Others believe asking the public to pay for vaccination is itself questionable. “People are coming forward not just to protect themselves, but to contribute towards the larger goal of herd immunity,” said Malini Aisola of the advocacy group All India Drug Action Network.
None of the two vaccines available in India, Aisola pointed out, have full-proof data on their efficacy. “So, to commercially sell them raises ethical questions,” she said.
Srinivasan agreed. “It’s not right for a vaccine company with government subsidies, emergency authorisation, inappropriate response to questions of safety to be making a profit here, or for private hospitals to be doing the same,” she said.
Weakened screening and surveillance?
But concerns about the private sector’s involvement go beyond profiteering. For one, would pre-vaccination screening for contraindications – pre-existing medical conditions that could potentially adversely react to certain drugs or vaccines – and post-vaccination surveillance for adverse events become laxer?
Chatterjee said he expected private hospitals to be more rigorous about pre-screening because “their reputations would be at stake”. “The private sector doesn’t like noise,” he said.
Not everyone agrees. India’s existing mechanisms for counselling, screening and surveillance left a lot to be desired and it was unlikely the private sector was going to fare any better, said Srinivasan. “We can expect worse,” she said.
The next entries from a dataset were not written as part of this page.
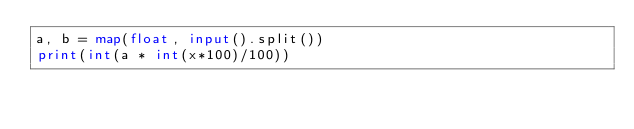<code> <loc_0><loc_0><loc_500><loc_500><_Python_>a, b = map(float, input().split())
print(int(a * int(x*100)/100))</code> 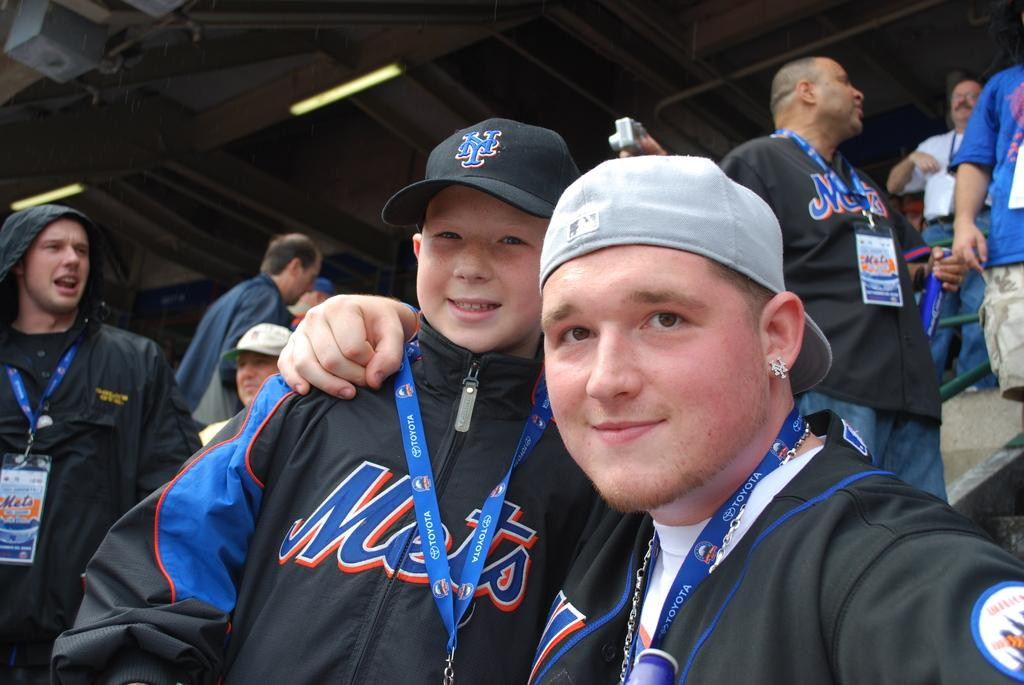<image>
Create a compact narrative representing the image presented. A man embraces a boy at a Mets sporting event. 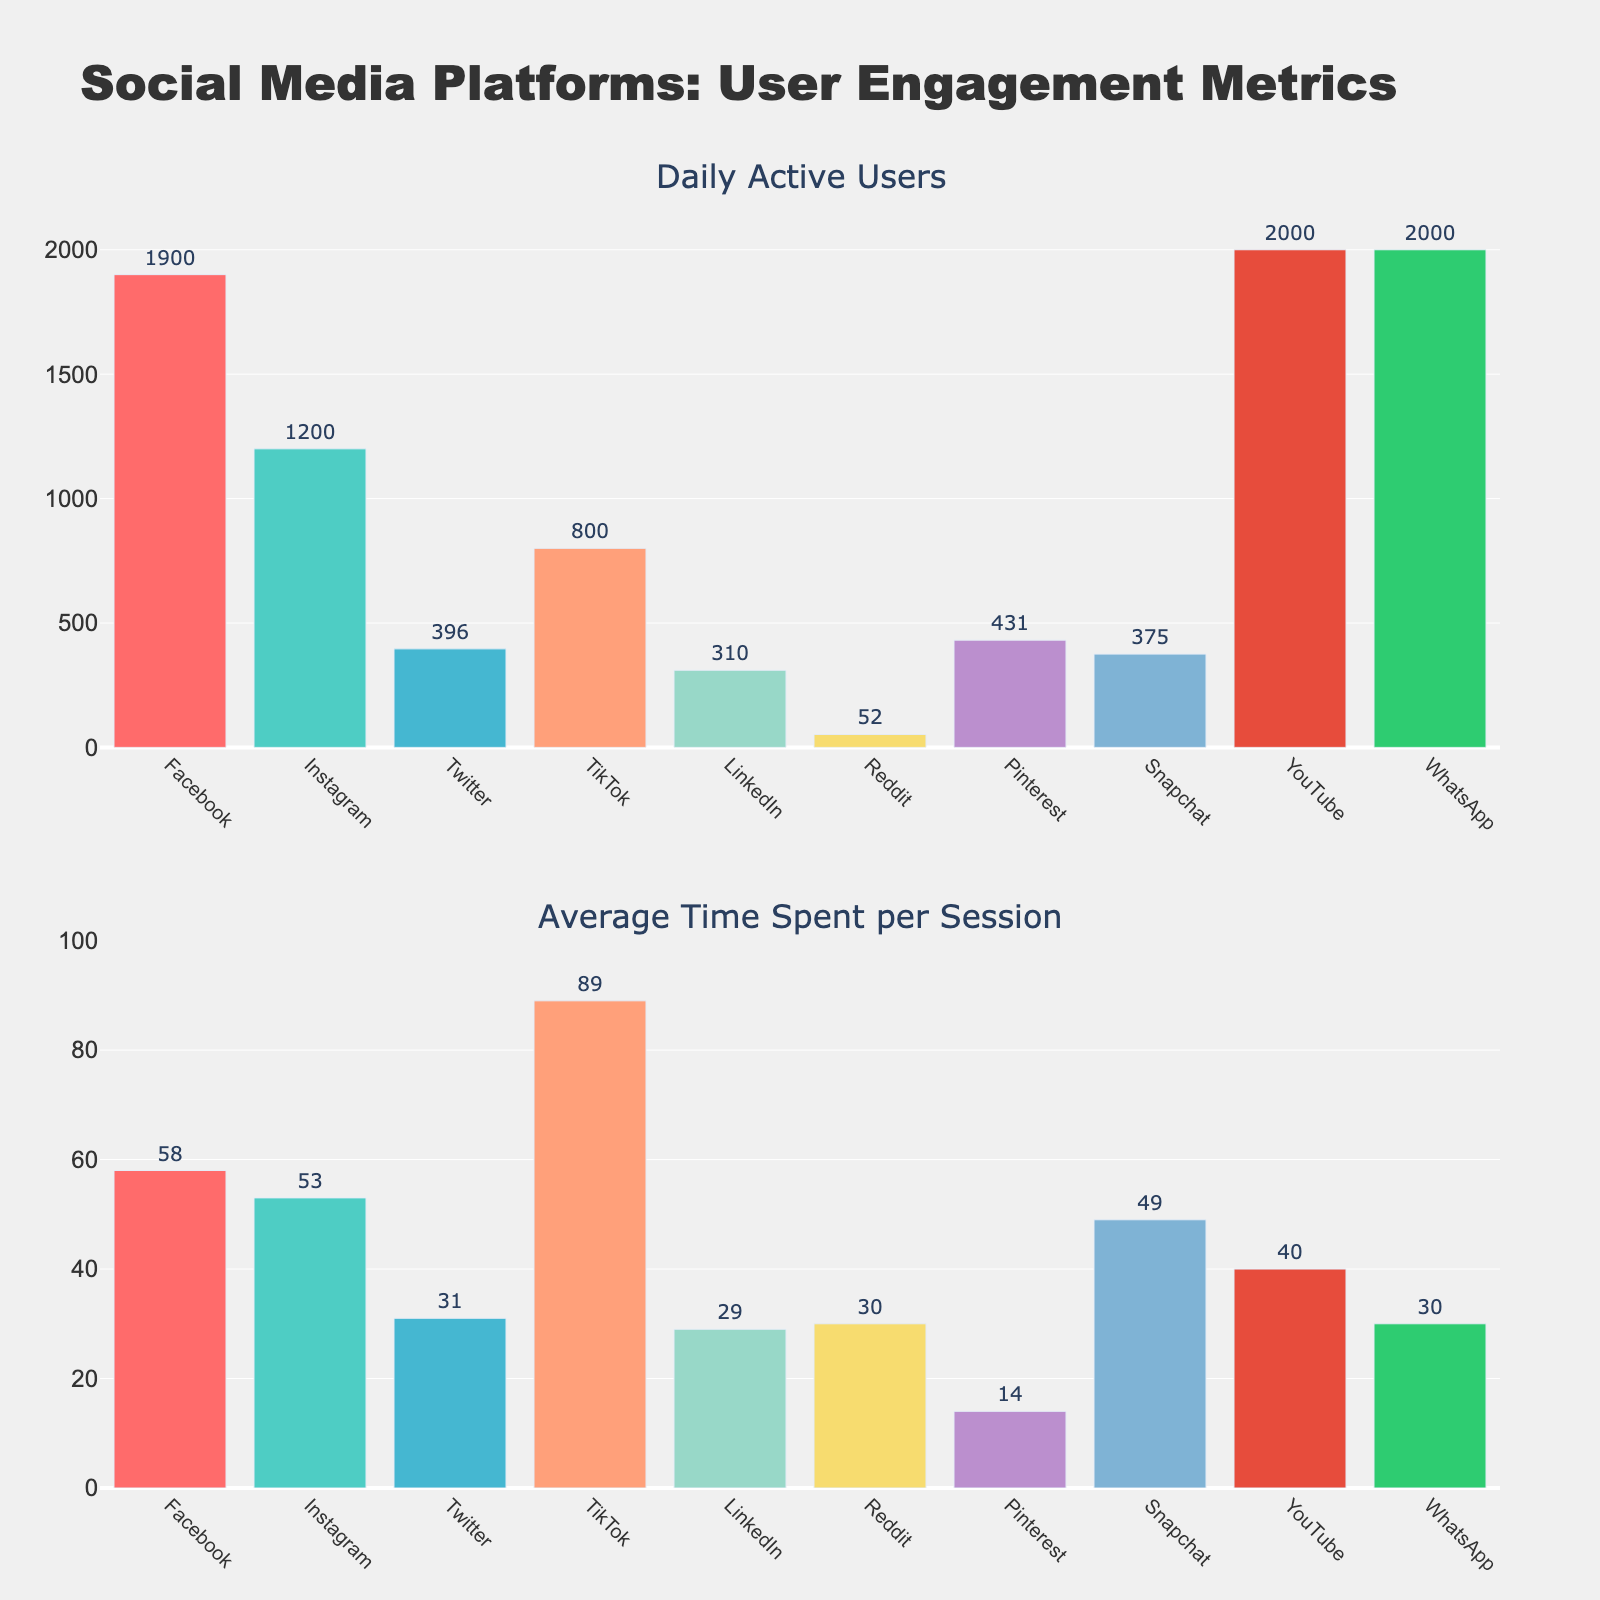what is the title of the figure? The title is usually located at the top of the figure. In this case, the title "Monthly Bird Sightings and Migration Patterns" indicates that the figure shows bird sightings each month along with migration patterns.
Answer: Monthly Bird Sightings and Migration Patterns what months have peak migration periods? Peak migration periods are represented by markers in the second subplot. According to the plot, these markers appear above March, April, May, September, October, and November.
Answer: March, April, May, September, October, November Which month has the highest number of migratory bird sightings? The highest point on the "Migratory Birds" bar in the first subplot indicates the month with the most sightings. In this figure, the tallest bar is in May.
Answer: May What's the total number of common bird sightings in the first half of the year (January to June)? To find the total number, sum the sightings from January to June: 45 (Jan) + 50 (Feb) + 60 (Mar) + 75 (Apr) + 85 (May) + 90 (Jun) = 405.
Answer: 405 Compare the number of common bird sightings to migratory bird sightings in October. Are there more common birds or migratory birds spotted in October? In October, the bar heights show 70 sightings for common birds and 65 sightings for migratory birds. Therefore, there are more common birds than migratory birds.
Answer: Common birds Which months have equal number of common bird sightings? By examining the bar lengths, both February and December have equal common bird sightings, with each having 50 birds.
Answer: February and December What's the average number of migratory bird sightings in the peak migration periods? To calculate the average, sum migratory bird sightings during peak months (March, April, May, September, October, November) and then divide by the number of those months. (35 + 60 + 70 + 55 + 65 + 40) / 6 = 54.17.
Answer: 54.17 What's the difference between the number of common bird sightings and migratory bird sightings in March? Subtract the number of migratory bird sightings (35) from common bird sightings (60) in March: 60 - 35 = 25.
Answer: 25

Aisola tended to share Srinivasan’s cynicism. “It is clear we don’t have the systems in place yet, and we are opening out to the private sector,” she said.
In fact, even Chatterjee agreed that post-vaccination surveillance was going to suffer. “The private sector will say it’s not their job and they don’t have the resources for it,” he said.
What in case of adverse events?
Aisola asked if the private hospitals were going to offer free treatment in case of adverse events. “Currently, in the case of adverse events following immunisation there is a clause that allows for free treatment in government facilities,” Aisola pointed out. “Now that more people are potentially going to get vaccinated by the private sector, will they offer free treatment? The rules of engagement need to be clear.”
All in all, the involvement of the private sector, Srinivasan said, may not be a bad thing per se given the “enormous burden this vaccine campaign will put on the existing [government] services”.
“But it should be regulated, and definitely not be for profit,” she said.